Имена папок изображений условий, которые должны быть обработаны, и уникальный алфавитный идентификатор для каждого ночного эксперимента. Когда вся информация была введена, нажмите кнопку запуска. Появится окно, которое запустит подсказку для навигации по внешней папке, содержащей обрезанные папки изображений.
После выбора появится другое окно, которое позволит спецификации параметров изображения. Нажмите хорошо. Композитный файл начнет собираться.
Когда композит был создан, просмотрите файлы, которые остаются открытыми. При изображении в сочетании пользовательских репортер штаммов обеспечить информативные считывания для большинства крупных событий развития. Включая спецификацию сульфата, спинную интеркалацию, эпидермальный корпус, удлинение и нейрогенез.
24 часа после инъекции является оптимальной точкой времени для визуализации. На данный момент истощение материнского белка и ингибирование экспрессии зиготического гена являются эффективными, уступая различные, высоко воспроизводимые подписные фенотипы по широкому спектру генов, участвующих в спецификации сульфата и морфогенеза. Важно быть терпеливым во время вскрытия и отбора эмбрионов.

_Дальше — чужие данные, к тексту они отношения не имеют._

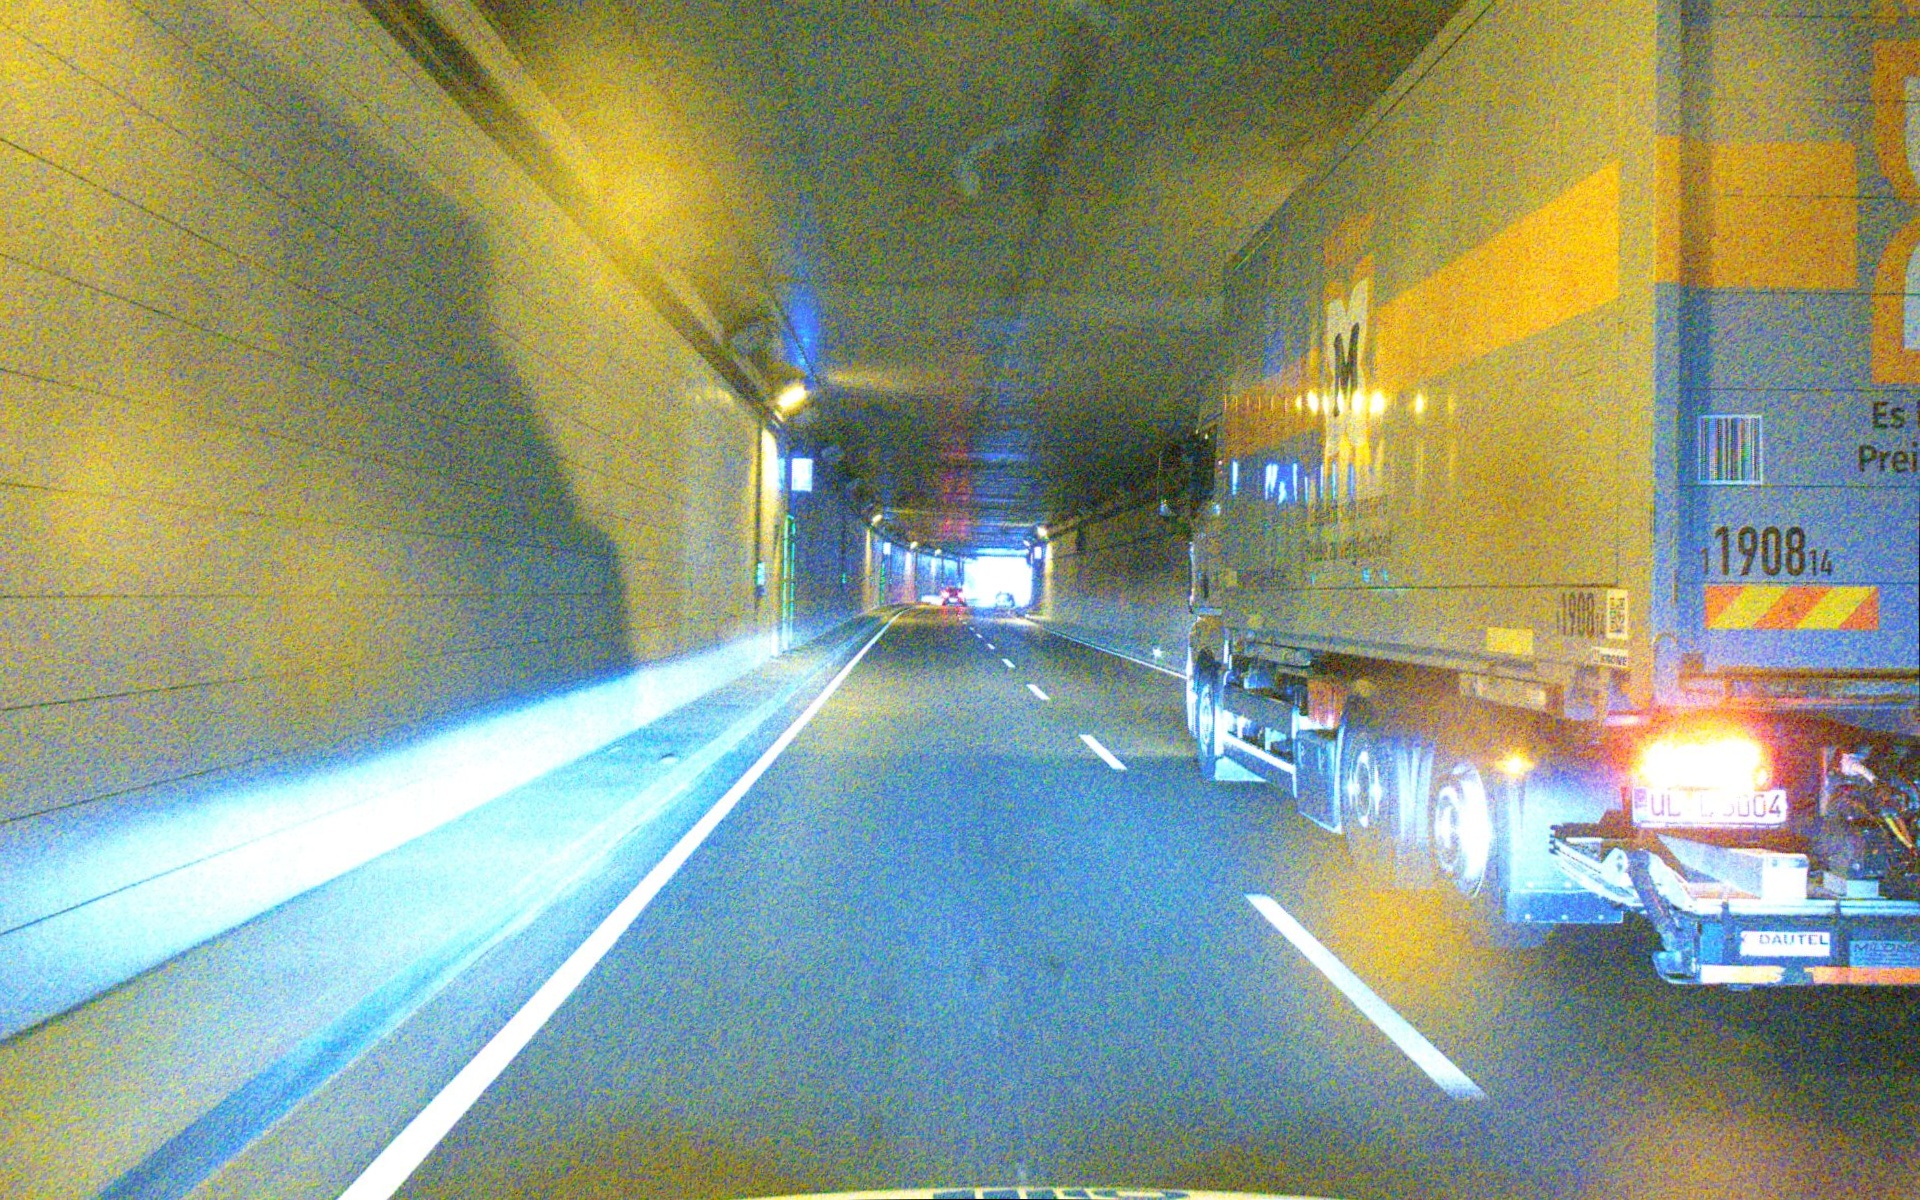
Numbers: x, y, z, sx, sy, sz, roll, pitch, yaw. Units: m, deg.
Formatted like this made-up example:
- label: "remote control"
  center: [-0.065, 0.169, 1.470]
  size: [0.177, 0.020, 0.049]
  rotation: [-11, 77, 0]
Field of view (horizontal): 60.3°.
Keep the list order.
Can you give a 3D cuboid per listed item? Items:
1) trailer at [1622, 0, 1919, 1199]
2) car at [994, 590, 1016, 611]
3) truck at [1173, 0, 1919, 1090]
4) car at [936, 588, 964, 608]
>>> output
- label: "trailer"
  center: [3.501, -0.484, 0.491]
  size: [2.817, 3.926, 8.946]
  rotation: [1, 0, -1]
- label: "car"
  center: [3.950, 0.057, 144.364]
  size: [1.830, 1.763, 4.001]
  rotation: [1, 0, 2]
- label: "truck"
  center: [3.392, -0.544, 9.914]
  size: [2.830, 3.982, 9.908]
  rotation: [1, 0, 0]
- label: "car"
  center: [-0.767, -0.131, 125.037]
  size: [1.802, 1.413, 4.002]
  rotation: [1, 0, 4]

Минимизация слипания и выбор соответствующих координационных плоскостей также имеют важное значение для обеспечения высокого качества данных. Наш протокол может быть выполнен с различными штаммами флуоресцентных маркеров и в сочетании с РНК или мутантами. Наши инструменты обработки позволяют оптимизировать, автоматизировать или провести ручной анализ данных.
Используя штаммы, методы и инструменты, описанные здесь, наша группа выполнила рнк на основе экрана с высоким содержанием, нацеленного примерно на 2000 генов, необходимых для эмбрионального развития. Для этого проекта были необходимы полу-высокие методы пропускной способности.